A virtual user (VU) is a simulated client running one scripted workflow at a time. The core formula every load-testing tool ultimately implements is:

VUs = target requests per second × average response time (in seconds)

That's Little's Law applied to load testing. The other 80% of getting a load test right is figuring out which numbers go where, when VUs are the wrong abstraction at all, and how to add think time without inflating the test into something unrealistic. This post walks through the math, two worked examples, and the tool-specific knobs you'll actually configure.

What a virtual user actually is — and isn't

A VU is a concurrent execution context.
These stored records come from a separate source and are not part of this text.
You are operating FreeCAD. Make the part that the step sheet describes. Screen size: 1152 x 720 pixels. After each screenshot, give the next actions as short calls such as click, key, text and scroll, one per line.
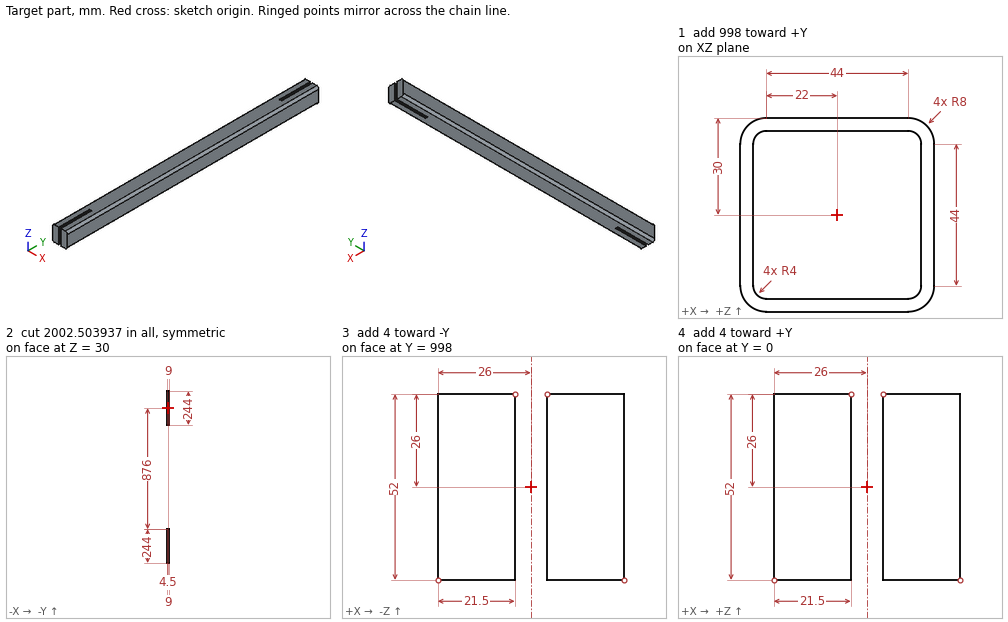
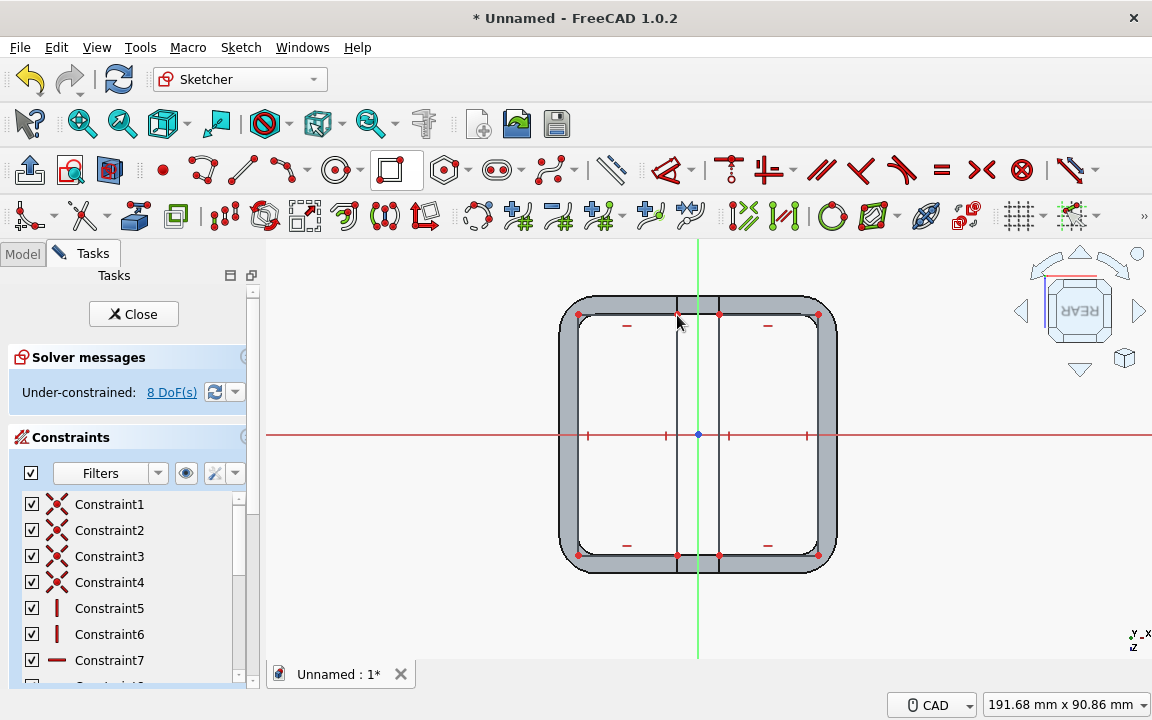
click(719, 315)
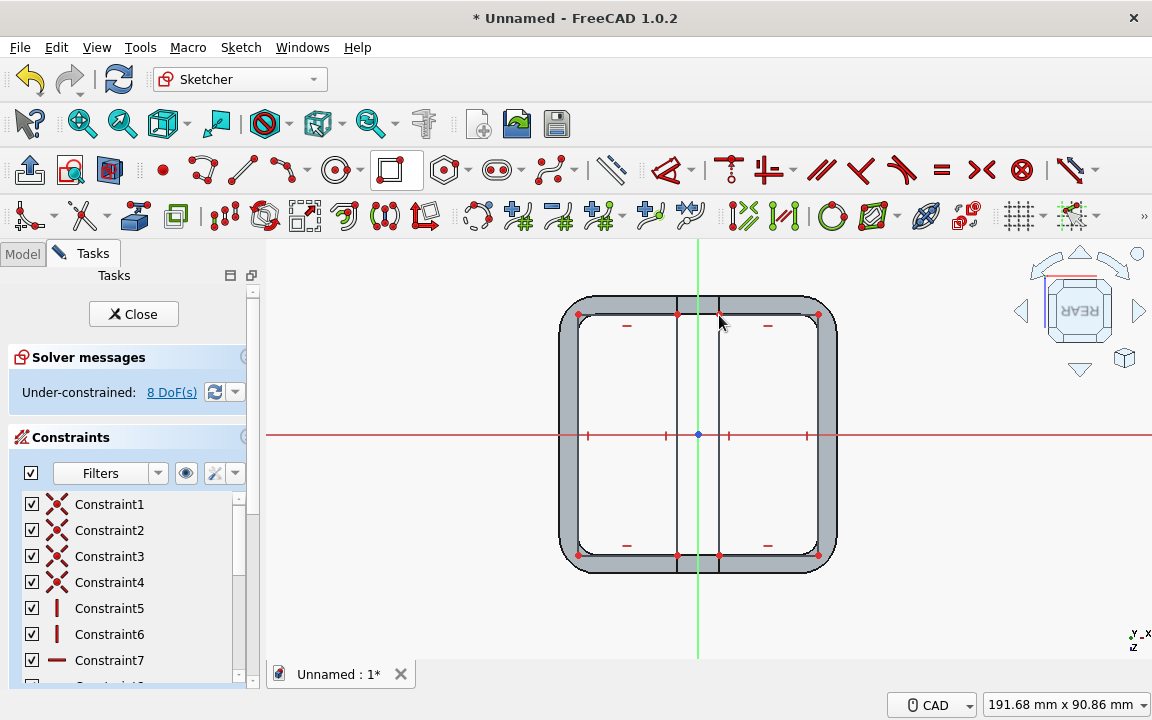
click(698, 605)
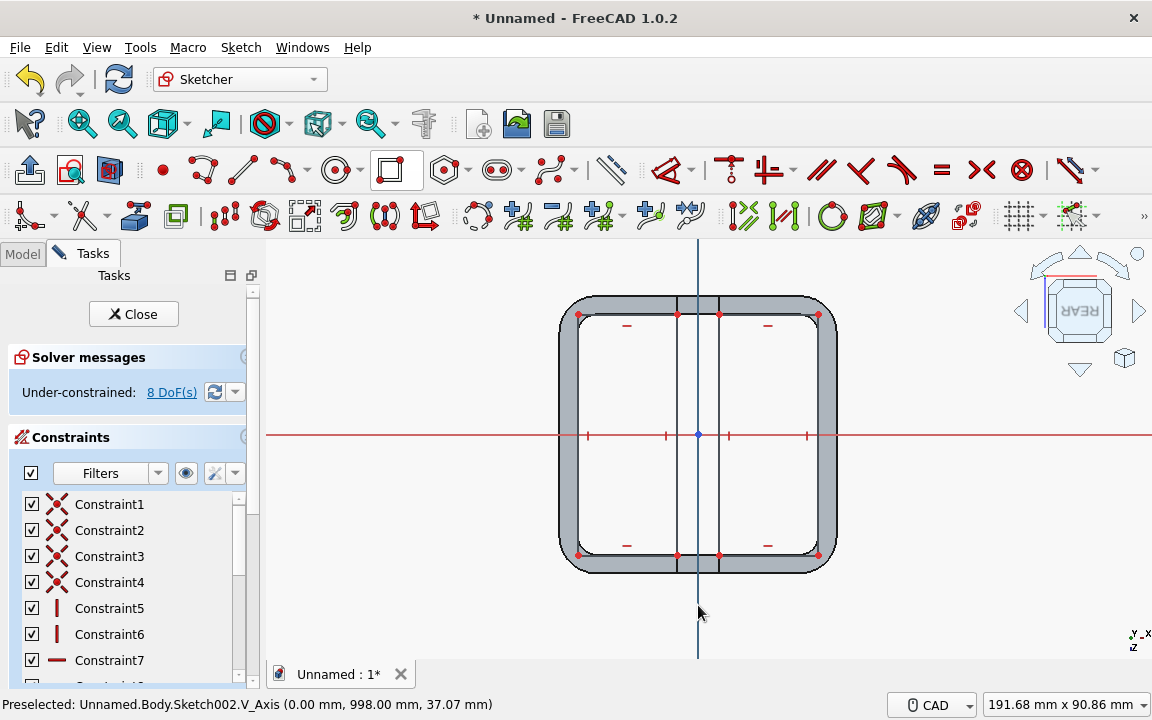
click(982, 170)
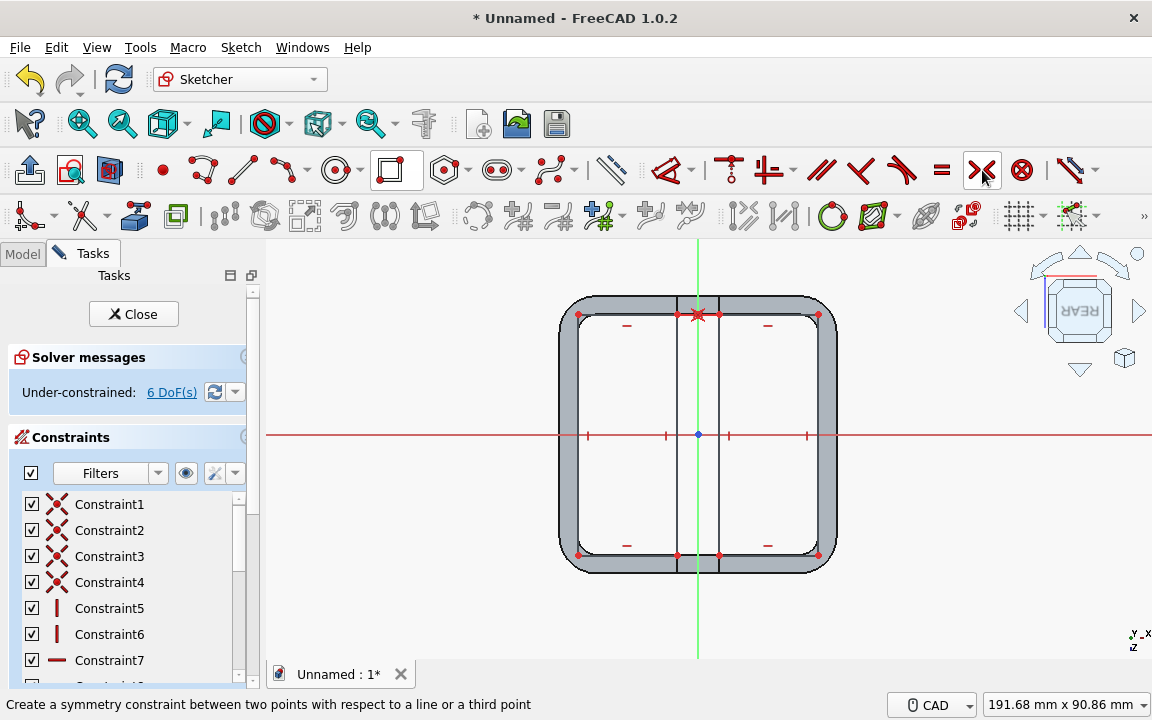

It runs your script: open connection, send request, wait for response, parse, send next request. While it waits on the server, it does nothing else.
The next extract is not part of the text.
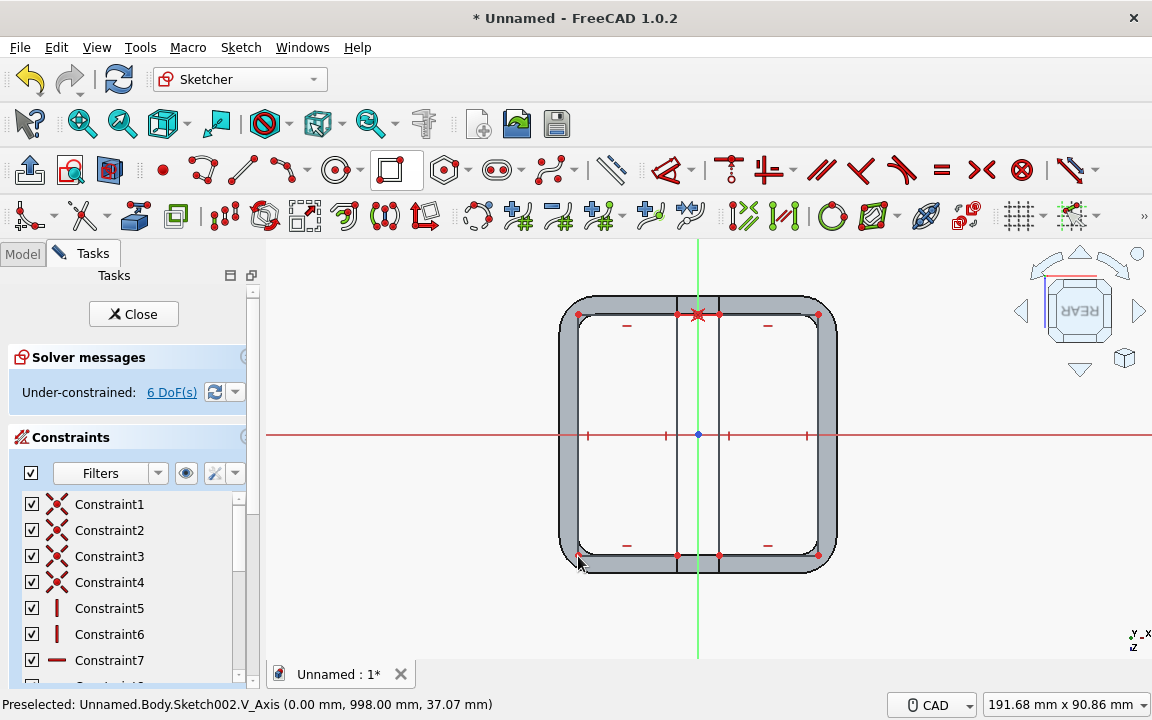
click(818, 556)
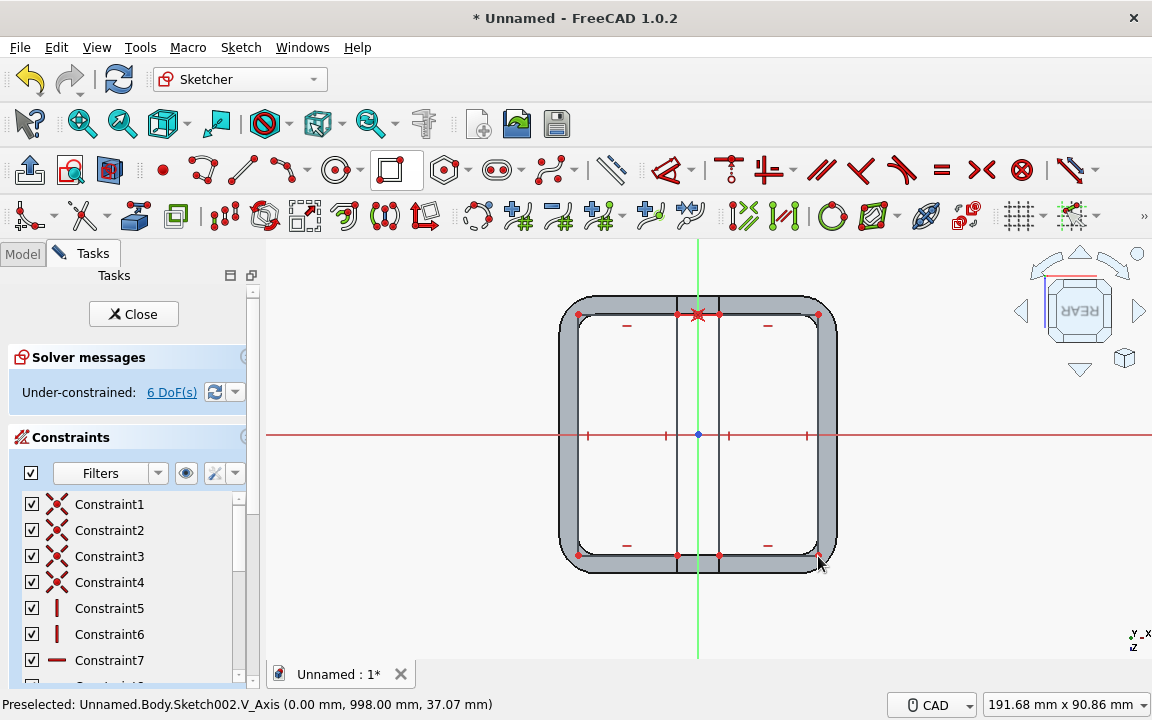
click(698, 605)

That has two consequences most teams get wrong on their first load test.

One VU ≠ one real user. Real users sit on a page for 30 seconds, click, sit for another 30 seconds. A VU with no think time hammers requests as fast as the server can answer. 50 VUs without think time can generate the request rate of 5,000 real users.

More VUs ≠ more load past a point. Once you have enough VUs to saturate your target throughput, adding more just queues them up — they wait their turn to send the next request. The throughput stays flat; only the apparent concurrency goes up. This is where teams get confused reading their own test results.
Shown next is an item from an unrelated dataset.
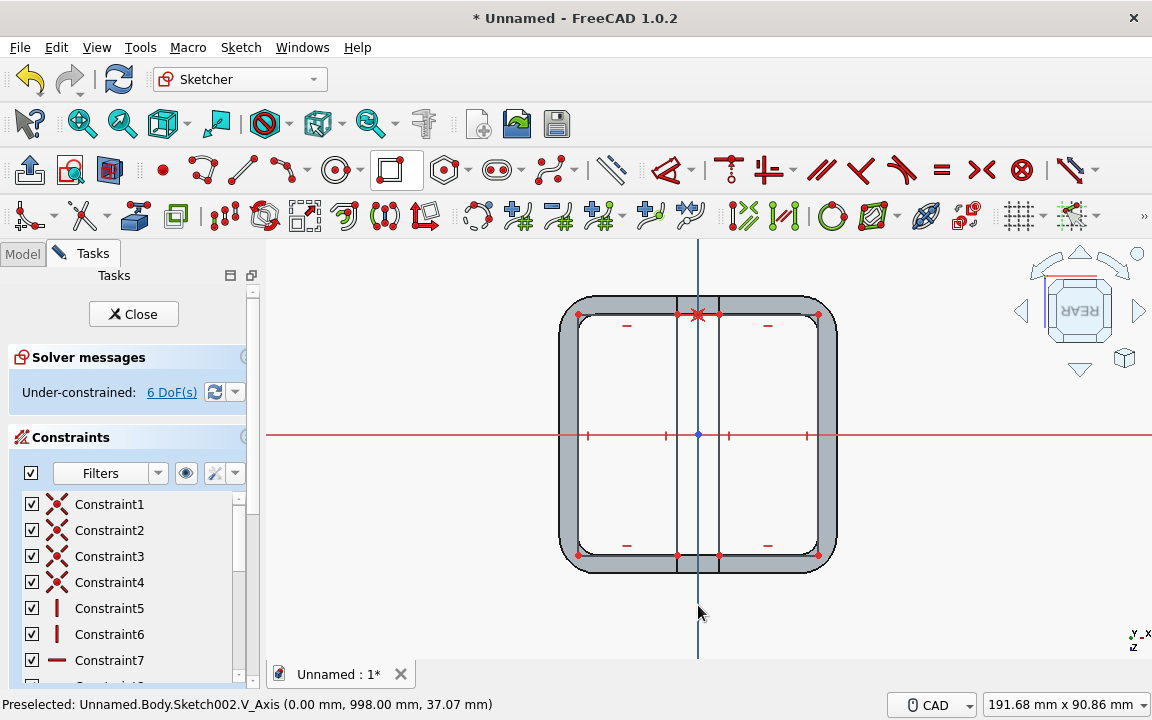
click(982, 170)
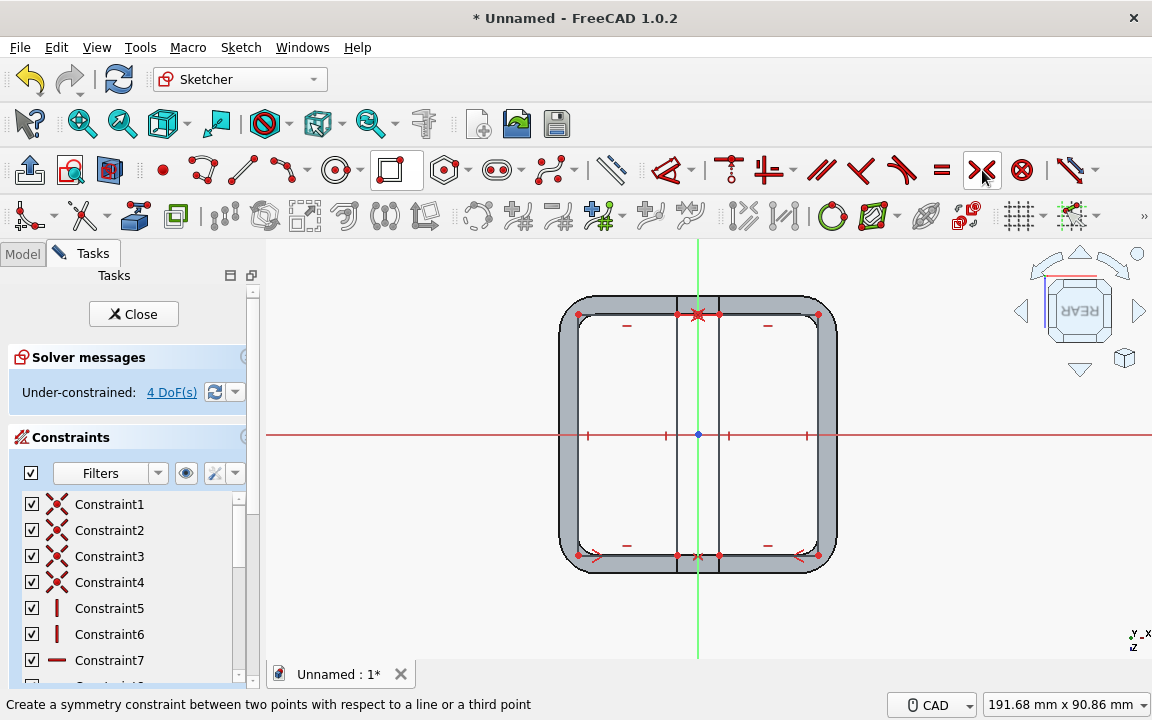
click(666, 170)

The right way to think about VUs: they're a resource budget the test runner uses to generate load. The load itself is the throughput, and throughput is what your API sees.

VUs vs requests per second — the relationship

The two metrics measure different sides of the same conversation.

Requests per second (RPS / throughput) is what hits the server. It's what your monitoring shows, what your SLO is defined on, and what capacity planning targets.
Virtual users is what the test client maintains. It's a control knob, not a goal.

You can target either. Most modern tools (k6, Locust, Artillery, Gatling) let you choose:

VU-based execution (closed model): "Maintain 50 concurrent users." Throughput is whatever falls out — slower API → less throughput → fewer requests fired.
Arrival-rate execution (open model): "Fire 100 requests per second." VU count is whatever's needed — slower API → more concurrent VUs to maintain the rate.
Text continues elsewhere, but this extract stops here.